I led several project for the Applied Mathematics Laboratory at the Department of Mathematics. The Laboratory recruits a team of undergraduate students to work, under the direction of faculty members, on an applied problem provided by the sponsor of the project.
The sponsors included organizations such as the National Institute of Justice, Baltimore City Fire Department, Baltimore County Department of Environmental Protection and Resource Management, and Science Applications International Corporation. The complete list (it is rather long: the AML had been running for more than 30 years!) is at the AML website.
One of the projects I directed was for the Chemical Security Analysis Center established by the Department of Homeland Security. The goal of the project was to design a model to estimate road transport of industrial chlorine in the US from the available storage data.

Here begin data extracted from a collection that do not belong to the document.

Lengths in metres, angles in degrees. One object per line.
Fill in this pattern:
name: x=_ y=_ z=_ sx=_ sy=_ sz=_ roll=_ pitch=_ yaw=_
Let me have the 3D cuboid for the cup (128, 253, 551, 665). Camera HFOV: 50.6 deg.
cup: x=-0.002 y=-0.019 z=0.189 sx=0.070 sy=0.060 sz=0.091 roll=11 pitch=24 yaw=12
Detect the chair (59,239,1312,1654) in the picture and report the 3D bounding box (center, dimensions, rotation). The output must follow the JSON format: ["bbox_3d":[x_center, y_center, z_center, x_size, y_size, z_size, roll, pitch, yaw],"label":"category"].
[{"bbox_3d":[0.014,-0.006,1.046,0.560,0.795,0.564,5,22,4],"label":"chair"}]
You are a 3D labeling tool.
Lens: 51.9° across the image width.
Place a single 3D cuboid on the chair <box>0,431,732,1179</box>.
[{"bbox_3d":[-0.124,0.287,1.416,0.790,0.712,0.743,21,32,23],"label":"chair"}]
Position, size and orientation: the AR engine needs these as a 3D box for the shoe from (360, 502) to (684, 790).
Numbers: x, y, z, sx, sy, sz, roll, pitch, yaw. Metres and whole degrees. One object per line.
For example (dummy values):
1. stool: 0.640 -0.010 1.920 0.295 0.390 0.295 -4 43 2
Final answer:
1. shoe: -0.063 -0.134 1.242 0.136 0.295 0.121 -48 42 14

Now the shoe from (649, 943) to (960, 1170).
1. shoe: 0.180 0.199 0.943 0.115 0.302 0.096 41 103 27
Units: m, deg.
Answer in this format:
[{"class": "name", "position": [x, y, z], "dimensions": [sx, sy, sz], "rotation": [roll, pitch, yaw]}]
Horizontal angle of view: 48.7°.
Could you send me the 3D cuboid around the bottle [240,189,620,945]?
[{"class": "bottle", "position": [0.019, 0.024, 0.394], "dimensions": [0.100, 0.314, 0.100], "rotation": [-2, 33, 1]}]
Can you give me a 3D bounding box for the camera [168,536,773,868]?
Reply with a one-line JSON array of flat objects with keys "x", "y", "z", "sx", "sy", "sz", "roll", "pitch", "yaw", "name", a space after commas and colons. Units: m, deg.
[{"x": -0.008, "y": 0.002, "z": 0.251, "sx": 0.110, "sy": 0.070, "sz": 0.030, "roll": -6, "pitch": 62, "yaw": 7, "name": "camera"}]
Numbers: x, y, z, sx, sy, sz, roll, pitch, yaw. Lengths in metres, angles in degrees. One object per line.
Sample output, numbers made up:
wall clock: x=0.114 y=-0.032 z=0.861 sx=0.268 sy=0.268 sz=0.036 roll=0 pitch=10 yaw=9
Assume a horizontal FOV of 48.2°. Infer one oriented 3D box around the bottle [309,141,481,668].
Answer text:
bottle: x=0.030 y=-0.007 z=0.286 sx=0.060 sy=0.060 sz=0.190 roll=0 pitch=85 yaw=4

In the course of the project, the students gave four formal end-of-semester presentations to the sponsors; two talks at the GMU Atmospheric Modeling Conference and a talk at the MAA Mathfest in 2010. We published the results of the study in the following paper:
- Alexei Kolesnikov, Angel Kumchev, Dennis Howell, Patrick OÂ’Neill and Matthew Tiger, Estimation of the commodity flow of chlorine from storage data, Journal of Transportation Security. Volume 5 (Number 1, 2012), pp. 51–68.
More recent projects I directed benefitted the Baltimore Humane Society and Disability Rights Maryland.